Other losses for the generator can be considered, depending on the properties and dynamics we want:

$$\widetilde{\mathcal{L}_2}(\theta) = - \mathbb{E}_{x \sim \mathcal{Q}_{\theta}} \left[\log D^{\star}_{\theta}(x)\right] \tag{10}$$

which tends to provide better gradients to the generator, but does not clearly express a divergence. Though, by doing the same work with \(D^{\star}_{\theta}\) as before, we can re-express it like this:

$$\widetilde{\mathcal{L}_2}(\theta) = \operatorname{D}_{KL}\left[\mathcal{Q}_{\theta} \middle\| \mathcal{P} \right] - \operatorname{D}_{KL}\left[\mathcal{Q}_{\theta} \middle\| \frac{\mathcal{P}+\mathcal{Q}_{\theta}}{2}\right] + \log(2) \tag{11}$$

And using the convexity of the Kullback-Leibler divergence, we can show that \(\operatorname{D}_{KL}\left[\mathcal{Q}_{\theta} \middle\| \frac{\mathcal{P}+\mathcal{Q}_{\theta}}{2}\right] \leq \frac{1}{2} \operatorname{D}_{KL}\left[\mathcal{Q}_{\theta} \middle\| \mathcal{P} \right]\), and thus:

$$\widetilde{\mathcal{L}_2}(\theta) \geq \frac{1}{2} \operatorname{D}_{KL}\left[\mathcal{Q}_{\theta} \middle\| \mathcal{P} \right] + \log(2) \tag{12}$$

which is much less forgiving than the original \(\widetilde{\mathcal{L}}\) regarding the generation on non-realistic samples, and might explain why it gives better gradients to the generator.
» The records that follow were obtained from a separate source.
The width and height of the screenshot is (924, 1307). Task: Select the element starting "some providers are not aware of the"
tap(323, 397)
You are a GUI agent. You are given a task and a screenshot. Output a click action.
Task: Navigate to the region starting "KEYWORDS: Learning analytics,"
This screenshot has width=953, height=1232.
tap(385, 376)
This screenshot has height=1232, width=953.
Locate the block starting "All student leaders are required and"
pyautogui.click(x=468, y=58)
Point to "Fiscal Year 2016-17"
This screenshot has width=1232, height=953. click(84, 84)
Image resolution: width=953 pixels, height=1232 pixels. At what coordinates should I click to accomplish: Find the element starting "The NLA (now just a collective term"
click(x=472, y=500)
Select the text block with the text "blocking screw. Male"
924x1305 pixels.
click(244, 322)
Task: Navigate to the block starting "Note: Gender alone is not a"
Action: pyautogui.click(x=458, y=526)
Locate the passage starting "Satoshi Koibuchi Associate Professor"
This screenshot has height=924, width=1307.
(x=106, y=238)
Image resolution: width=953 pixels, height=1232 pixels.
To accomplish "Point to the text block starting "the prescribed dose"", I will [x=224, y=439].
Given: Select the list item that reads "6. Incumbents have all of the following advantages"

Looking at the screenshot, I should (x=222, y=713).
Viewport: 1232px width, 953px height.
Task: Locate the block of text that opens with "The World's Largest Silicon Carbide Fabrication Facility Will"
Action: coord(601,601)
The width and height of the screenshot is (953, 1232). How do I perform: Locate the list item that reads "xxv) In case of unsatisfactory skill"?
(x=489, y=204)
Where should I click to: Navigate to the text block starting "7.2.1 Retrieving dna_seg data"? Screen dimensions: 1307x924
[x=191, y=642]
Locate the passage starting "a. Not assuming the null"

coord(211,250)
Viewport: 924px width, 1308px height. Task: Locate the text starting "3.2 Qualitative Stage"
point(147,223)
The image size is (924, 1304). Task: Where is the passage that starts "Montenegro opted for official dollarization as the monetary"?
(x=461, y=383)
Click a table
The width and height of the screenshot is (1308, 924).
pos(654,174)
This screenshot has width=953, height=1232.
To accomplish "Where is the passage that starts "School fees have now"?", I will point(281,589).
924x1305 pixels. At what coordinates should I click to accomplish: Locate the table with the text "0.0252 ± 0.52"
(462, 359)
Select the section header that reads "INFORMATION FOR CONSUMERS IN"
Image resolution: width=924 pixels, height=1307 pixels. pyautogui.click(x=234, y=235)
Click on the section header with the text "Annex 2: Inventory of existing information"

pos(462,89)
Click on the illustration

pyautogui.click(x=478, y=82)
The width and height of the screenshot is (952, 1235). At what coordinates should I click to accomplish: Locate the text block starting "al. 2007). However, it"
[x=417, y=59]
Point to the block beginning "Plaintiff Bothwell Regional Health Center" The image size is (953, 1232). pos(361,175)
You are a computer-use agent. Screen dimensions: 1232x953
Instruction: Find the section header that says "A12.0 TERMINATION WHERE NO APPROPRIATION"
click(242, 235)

$$\widetilde{\mathcal{L}_3}(\theta) = - \mathbb{E}_{x \sim \mathcal{Q}_{\theta}} \left[\log \frac{D^{\star}_{\theta}(x)}{1-D^{\star}_{\theta}(x)}\right] \tag{13}$$

which is then equivalent to the KL divergence: \(\widetilde{\mathcal{L}_3}(\theta) = \operatorname{D}_{KL}\left[\mathcal{Q}_{\theta}\middle\|\mathcal{P}\right]\), so possibly a better version of the previous one.